(TASK MATERIAL)
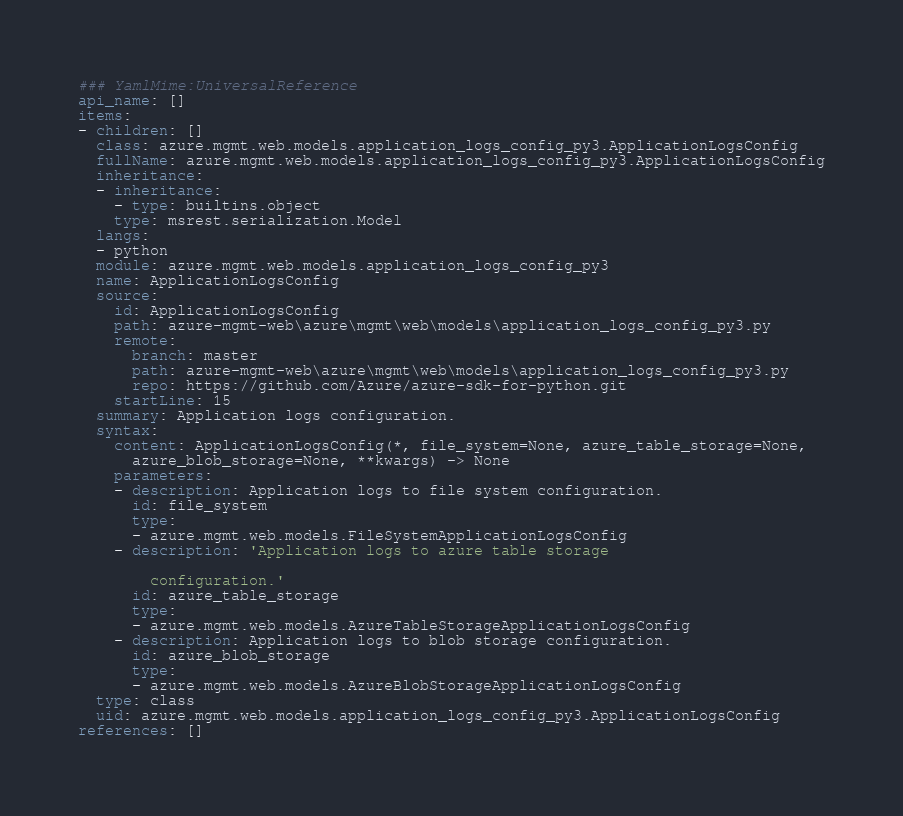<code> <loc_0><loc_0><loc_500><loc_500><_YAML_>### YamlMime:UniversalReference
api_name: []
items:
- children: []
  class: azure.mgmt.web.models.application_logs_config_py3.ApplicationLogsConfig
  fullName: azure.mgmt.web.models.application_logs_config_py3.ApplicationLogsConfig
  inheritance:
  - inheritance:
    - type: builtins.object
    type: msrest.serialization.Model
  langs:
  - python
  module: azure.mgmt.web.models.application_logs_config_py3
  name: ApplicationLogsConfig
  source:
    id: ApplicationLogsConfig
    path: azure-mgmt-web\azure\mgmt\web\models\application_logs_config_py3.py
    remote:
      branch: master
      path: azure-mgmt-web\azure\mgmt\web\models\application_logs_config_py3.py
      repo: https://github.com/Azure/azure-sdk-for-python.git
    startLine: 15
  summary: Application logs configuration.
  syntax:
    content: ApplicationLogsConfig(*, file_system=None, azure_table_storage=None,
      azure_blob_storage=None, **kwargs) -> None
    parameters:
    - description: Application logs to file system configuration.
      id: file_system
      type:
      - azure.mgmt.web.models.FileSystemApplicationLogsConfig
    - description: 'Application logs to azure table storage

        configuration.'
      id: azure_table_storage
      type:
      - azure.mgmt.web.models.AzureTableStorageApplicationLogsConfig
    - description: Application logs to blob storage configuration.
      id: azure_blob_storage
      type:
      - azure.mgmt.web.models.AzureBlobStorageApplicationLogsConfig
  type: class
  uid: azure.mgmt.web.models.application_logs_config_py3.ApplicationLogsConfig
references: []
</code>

(ACTIVITY)
Write out all the entries again, word for word, and print no images.

(SOLUTION TO THIS TASK)
<code> <loc_0><loc_0><loc_500><loc_500><_YAML_>### YamlMime:UniversalReference
api_name: []
items:
- children: []
  class: azure.mgmt.web.models.application_logs_config_py3.ApplicationLogsConfig
  fullName: azure.mgmt.web.models.application_logs_config_py3.ApplicationLogsConfig
  inheritance:
  - inheritance:
    - type: builtins.object
    type: msrest.serialization.Model
  langs:
  - python
  module: azure.mgmt.web.models.application_logs_config_py3
  name: ApplicationLogsConfig
  source:
    id: ApplicationLogsConfig
    path: azure-mgmt-web\azure\mgmt\web\models\application_logs_config_py3.py
    remote:
      branch: master
      path: azure-mgmt-web\azure\mgmt\web\models\application_logs_config_py3.py
      repo: https://github.com/Azure/azure-sdk-for-python.git
    startLine: 15
  summary: Application logs configuration.
  syntax:
    content: ApplicationLogsConfig(*, file_system=None, azure_table_storage=None,
      azure_blob_storage=None, **kwargs) -> None
    parameters:
    - description: Application logs to file system configuration.
      id: file_system
      type:
      - azure.mgmt.web.models.FileSystemApplicationLogsConfig
    - description: 'Application logs to azure table storage

        configuration.'
      id: azure_table_storage
      type:
      - azure.mgmt.web.models.AzureTableStorageApplicationLogsConfig
    - description: Application logs to blob storage configuration.
      id: azure_blob_storage
      type:
      - azure.mgmt.web.models.AzureBlobStorageApplicationLogsConfig
  type: class
  uid: azure.mgmt.web.models.application_logs_config_py3.ApplicationLogsConfig
references: []
</code>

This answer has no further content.